AIM OF THE EXERCISE: Print the data exactly as it appears, keeping every word.

Start of SOURCE MATERIAL

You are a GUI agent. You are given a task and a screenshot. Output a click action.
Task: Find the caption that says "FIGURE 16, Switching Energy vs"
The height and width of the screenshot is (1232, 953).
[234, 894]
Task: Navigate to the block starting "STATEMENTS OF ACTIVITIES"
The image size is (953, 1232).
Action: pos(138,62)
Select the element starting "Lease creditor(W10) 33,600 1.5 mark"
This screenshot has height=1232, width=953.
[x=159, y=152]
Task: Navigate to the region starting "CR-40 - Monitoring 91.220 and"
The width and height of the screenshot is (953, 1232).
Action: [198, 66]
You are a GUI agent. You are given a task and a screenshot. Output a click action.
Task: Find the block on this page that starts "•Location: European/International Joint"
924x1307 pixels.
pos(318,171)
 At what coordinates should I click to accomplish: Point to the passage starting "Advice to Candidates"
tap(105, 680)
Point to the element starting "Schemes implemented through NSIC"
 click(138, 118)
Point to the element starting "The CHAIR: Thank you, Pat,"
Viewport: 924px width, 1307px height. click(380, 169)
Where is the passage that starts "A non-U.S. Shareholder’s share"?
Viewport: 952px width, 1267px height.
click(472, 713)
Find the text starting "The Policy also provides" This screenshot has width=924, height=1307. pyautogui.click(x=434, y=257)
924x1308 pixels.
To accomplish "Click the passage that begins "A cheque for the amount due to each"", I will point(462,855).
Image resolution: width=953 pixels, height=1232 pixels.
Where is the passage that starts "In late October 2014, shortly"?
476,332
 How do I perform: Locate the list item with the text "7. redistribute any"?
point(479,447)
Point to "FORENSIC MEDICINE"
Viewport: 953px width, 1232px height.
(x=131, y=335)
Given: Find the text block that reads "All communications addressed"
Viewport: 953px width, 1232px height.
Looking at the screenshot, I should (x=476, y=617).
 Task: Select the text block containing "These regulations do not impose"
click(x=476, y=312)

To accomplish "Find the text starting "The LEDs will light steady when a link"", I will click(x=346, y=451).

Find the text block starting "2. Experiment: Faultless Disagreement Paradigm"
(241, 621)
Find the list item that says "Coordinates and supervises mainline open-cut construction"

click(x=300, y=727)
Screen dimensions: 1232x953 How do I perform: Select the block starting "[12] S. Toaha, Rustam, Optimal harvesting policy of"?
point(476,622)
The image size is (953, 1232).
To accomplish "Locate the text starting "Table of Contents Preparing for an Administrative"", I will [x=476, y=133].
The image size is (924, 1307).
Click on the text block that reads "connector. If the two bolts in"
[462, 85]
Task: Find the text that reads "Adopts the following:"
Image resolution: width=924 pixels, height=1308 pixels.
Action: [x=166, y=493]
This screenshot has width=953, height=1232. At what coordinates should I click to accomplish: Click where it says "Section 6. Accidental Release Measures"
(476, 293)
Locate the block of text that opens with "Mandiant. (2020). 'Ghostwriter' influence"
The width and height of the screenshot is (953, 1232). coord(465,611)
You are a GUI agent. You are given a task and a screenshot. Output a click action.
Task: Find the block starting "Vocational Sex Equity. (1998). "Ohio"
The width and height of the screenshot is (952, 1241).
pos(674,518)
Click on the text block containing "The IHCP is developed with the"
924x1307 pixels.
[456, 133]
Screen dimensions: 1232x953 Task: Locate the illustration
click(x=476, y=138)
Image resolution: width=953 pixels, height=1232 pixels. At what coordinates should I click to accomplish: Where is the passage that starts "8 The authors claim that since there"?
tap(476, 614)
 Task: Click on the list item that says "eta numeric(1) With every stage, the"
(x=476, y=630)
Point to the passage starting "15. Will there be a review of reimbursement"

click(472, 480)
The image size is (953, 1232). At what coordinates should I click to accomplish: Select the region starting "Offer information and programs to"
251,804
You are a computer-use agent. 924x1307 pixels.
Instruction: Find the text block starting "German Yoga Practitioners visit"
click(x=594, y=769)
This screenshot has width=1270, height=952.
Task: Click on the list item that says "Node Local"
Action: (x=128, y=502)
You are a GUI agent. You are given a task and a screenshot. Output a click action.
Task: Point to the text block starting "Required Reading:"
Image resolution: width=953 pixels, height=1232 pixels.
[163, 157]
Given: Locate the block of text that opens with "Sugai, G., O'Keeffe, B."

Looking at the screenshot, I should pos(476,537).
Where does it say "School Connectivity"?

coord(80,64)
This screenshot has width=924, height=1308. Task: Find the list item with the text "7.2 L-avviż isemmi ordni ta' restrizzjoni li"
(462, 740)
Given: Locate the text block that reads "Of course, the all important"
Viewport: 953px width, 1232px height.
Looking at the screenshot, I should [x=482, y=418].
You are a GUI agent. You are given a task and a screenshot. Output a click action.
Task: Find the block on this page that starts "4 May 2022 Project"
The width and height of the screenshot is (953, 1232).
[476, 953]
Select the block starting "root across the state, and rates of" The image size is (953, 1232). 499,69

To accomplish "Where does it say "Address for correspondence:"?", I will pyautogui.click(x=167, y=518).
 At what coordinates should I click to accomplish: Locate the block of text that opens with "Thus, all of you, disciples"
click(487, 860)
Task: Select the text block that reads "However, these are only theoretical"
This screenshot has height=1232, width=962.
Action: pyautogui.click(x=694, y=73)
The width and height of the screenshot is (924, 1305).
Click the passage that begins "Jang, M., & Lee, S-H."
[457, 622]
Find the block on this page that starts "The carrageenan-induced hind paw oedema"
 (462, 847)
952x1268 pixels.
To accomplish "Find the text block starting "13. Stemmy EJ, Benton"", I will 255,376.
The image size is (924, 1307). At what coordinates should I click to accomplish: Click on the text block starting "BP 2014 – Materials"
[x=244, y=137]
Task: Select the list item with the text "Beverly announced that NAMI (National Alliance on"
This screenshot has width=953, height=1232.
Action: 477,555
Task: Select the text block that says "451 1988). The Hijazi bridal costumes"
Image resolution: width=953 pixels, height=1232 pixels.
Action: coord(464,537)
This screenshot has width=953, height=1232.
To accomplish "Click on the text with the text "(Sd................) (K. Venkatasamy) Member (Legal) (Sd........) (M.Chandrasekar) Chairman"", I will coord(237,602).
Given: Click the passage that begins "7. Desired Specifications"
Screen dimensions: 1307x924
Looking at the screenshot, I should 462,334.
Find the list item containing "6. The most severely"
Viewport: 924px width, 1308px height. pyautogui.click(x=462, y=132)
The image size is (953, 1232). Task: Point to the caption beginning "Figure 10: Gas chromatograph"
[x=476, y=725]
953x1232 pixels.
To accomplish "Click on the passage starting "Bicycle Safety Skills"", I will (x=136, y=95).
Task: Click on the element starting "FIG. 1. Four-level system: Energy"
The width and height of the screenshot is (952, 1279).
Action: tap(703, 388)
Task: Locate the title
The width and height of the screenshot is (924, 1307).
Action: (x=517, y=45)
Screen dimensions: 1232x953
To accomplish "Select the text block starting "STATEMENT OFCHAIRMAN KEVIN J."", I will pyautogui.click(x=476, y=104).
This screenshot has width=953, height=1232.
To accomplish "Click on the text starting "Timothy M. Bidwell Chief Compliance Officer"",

End of SOURCE MATERIAL

FINISHED EXERCISE:
You are a GUI agent. You are given a task and a screenshot. Output a click action.
Task: Find the caption that says "FIGURE 16, Switching Energy vs"
The height and width of the screenshot is (1232, 953).
[234, 894]
Task: Navigate to the block starting "STATEMENTS OF ACTIVITIES"
The image size is (953, 1232).
Action: pos(138,62)
Select the element starting "Lease creditor(W10) 33,600 1.5 mark"
This screenshot has height=1232, width=953.
[x=159, y=152]
Task: Navigate to the region starting "CR-40 - Monitoring 91.220 and"
The width and height of the screenshot is (953, 1232).
Action: [198, 66]
You are a GUI agent. You are given a task and a screenshot. Output a click action.
Task: Find the block on this page that starts "•Location: European/International Joint"
924x1307 pixels.
pos(318,171)
 At what coordinates should I click to accomplish: Point to the passage starting "Advice to Candidates"
tap(105, 680)
Point to the element starting "Schemes implemented through NSIC"
 click(138, 118)
Point to the element starting "The CHAIR: Thank you, Pat,"
Viewport: 924px width, 1307px height. click(380, 169)
Where is the passage that starts "A non-U.S. Shareholder’s share"?
Viewport: 952px width, 1267px height.
click(472, 713)
Find the text starting "The Policy also provides" This screenshot has width=924, height=1307. pyautogui.click(x=434, y=257)
924x1308 pixels.
To accomplish "Click the passage that begins "A cheque for the amount due to each"", I will point(462,855).
Image resolution: width=953 pixels, height=1232 pixels.
Where is the passage that starts "In late October 2014, shortly"?
476,332
 How do I perform: Locate the list item with the text "7. redistribute any"?
point(479,447)
Point to "FORENSIC MEDICINE"
Viewport: 953px width, 1232px height.
(x=131, y=335)
Given: Find the text block that reads "All communications addressed"
Viewport: 953px width, 1232px height.
Looking at the screenshot, I should (x=476, y=617).
 Task: Select the text block containing "These regulations do not impose"
click(x=476, y=312)

To accomplish "Find the text starting "The LEDs will light steady when a link"", I will click(x=346, y=451).

Find the text block starting "2. Experiment: Faultless Disagreement Paradigm"
(241, 621)
Find the list item that says "Coordinates and supervises mainline open-cut construction"

click(x=300, y=727)
Screen dimensions: 1232x953 How do I perform: Select the block starting "[12] S. Toaha, Rustam, Optimal harvesting policy of"?
point(476,622)
The image size is (953, 1232).
To accomplish "Locate the text starting "Table of Contents Preparing for an Administrative"", I will [x=476, y=133].
The image size is (924, 1307).
Click on the text block that reads "connector. If the two bolts in"
[462, 85]
Task: Find the text that reads "Adopts the following:"
Image resolution: width=924 pixels, height=1308 pixels.
Action: [x=166, y=493]
This screenshot has width=953, height=1232. At what coordinates should I click to accomplish: Click where it says "Section 6. Accidental Release Measures"
(476, 293)
Locate the block of text that opens with "Mandiant. (2020). 'Ghostwriter' influence"
The width and height of the screenshot is (953, 1232). coord(465,611)
You are a GUI agent. You are given a task and a screenshot. Output a click action.
Task: Find the block starting "Vocational Sex Equity. (1998). "Ohio"
The width and height of the screenshot is (952, 1241).
pos(674,518)
Click on the text block containing "The IHCP is developed with the"
924x1307 pixels.
[456, 133]
Screen dimensions: 1232x953 Task: Locate the illustration
click(x=476, y=138)
Image resolution: width=953 pixels, height=1232 pixels. At what coordinates should I click to accomplish: Where is the passage that starts "8 The authors claim that since there"?
tap(476, 614)
 Task: Click on the list item that says "eta numeric(1) With every stage, the"
(x=476, y=630)
Point to the passage starting "15. Will there be a review of reimbursement"

click(472, 480)
The image size is (953, 1232). At what coordinates should I click to accomplish: Select the region starting "Offer information and programs to"
251,804
You are a computer-use agent. 924x1307 pixels.
Instruction: Find the text block starting "German Yoga Practitioners visit"
click(x=594, y=769)
This screenshot has width=1270, height=952.
Task: Click on the list item that says "Node Local"
Action: (x=128, y=502)
You are a GUI agent. You are given a task and a screenshot. Output a click action.
Task: Point to the text block starting "Required Reading:"
Image resolution: width=953 pixels, height=1232 pixels.
[163, 157]
Given: Locate the block of text that opens with "Sugai, G., O'Keeffe, B."

Looking at the screenshot, I should pos(476,537).
Where does it say "School Connectivity"?

coord(80,64)
This screenshot has width=924, height=1308. Task: Find the list item with the text "7.2 L-avviż isemmi ordni ta' restrizzjoni li"
(462, 740)
Given: Locate the text block that reads "Of course, the all important"
Viewport: 953px width, 1232px height.
Looking at the screenshot, I should [x=482, y=418].
You are a GUI agent. You are given a task and a screenshot. Output a click action.
Task: Find the block on this page that starts "4 May 2022 Project"
The width and height of the screenshot is (953, 1232).
[476, 953]
Select the block starting "root across the state, and rates of" The image size is (953, 1232). 499,69

To accomplish "Where does it say "Address for correspondence:"?", I will pyautogui.click(x=167, y=518).
 At what coordinates should I click to accomplish: Locate the block of text that opens with "Thus, all of you, disciples"
click(487, 860)
Task: Select the text block that reads "However, these are only theoretical"
This screenshot has height=1232, width=962.
Action: pyautogui.click(x=694, y=73)
The width and height of the screenshot is (924, 1305).
Click the passage that begins "Jang, M., & Lee, S-H."
[457, 622]
Find the block on this page that starts "The carrageenan-induced hind paw oedema"
 (462, 847)
952x1268 pixels.
To accomplish "Find the text block starting "13. Stemmy EJ, Benton"", I will 255,376.
The image size is (924, 1307). At what coordinates should I click to accomplish: Click on the text block starting "BP 2014 – Materials"
[x=244, y=137]
Task: Select the list item with the text "Beverly announced that NAMI (National Alliance on"
This screenshot has width=953, height=1232.
Action: 477,555
Task: Select the text block that says "451 1988). The Hijazi bridal costumes"
Image resolution: width=953 pixels, height=1232 pixels.
Action: coord(464,537)
This screenshot has width=953, height=1232.
To accomplish "Click on the text with the text "(Sd................) (K. Venkatasamy) Member (Legal) (Sd........) (M.Chandrasekar) Chairman"", I will coord(237,602).
Given: Click the passage that begins "7. Desired Specifications"
Screen dimensions: 1307x924
Looking at the screenshot, I should 462,334.
Find the list item containing "6. The most severely"
Viewport: 924px width, 1308px height. pyautogui.click(x=462, y=132)
The image size is (953, 1232). Task: Point to the caption beginning "Figure 10: Gas chromatograph"
[x=476, y=725]
953x1232 pixels.
To accomplish "Click on the passage starting "Bicycle Safety Skills"", I will (x=136, y=95).
Task: Click on the element starting "FIG. 1. Four-level system: Energy"
The width and height of the screenshot is (952, 1279).
Action: tap(703, 388)
Task: Locate the title
The width and height of the screenshot is (924, 1307).
Action: (x=517, y=45)
Screen dimensions: 1232x953
To accomplish "Select the text block starting "STATEMENT OFCHAIRMAN KEVIN J."", I will pyautogui.click(x=476, y=104).
This screenshot has width=953, height=1232.
To accomplish "Click on the text starting "Timothy M. Bidwell Chief Compliance Officer"",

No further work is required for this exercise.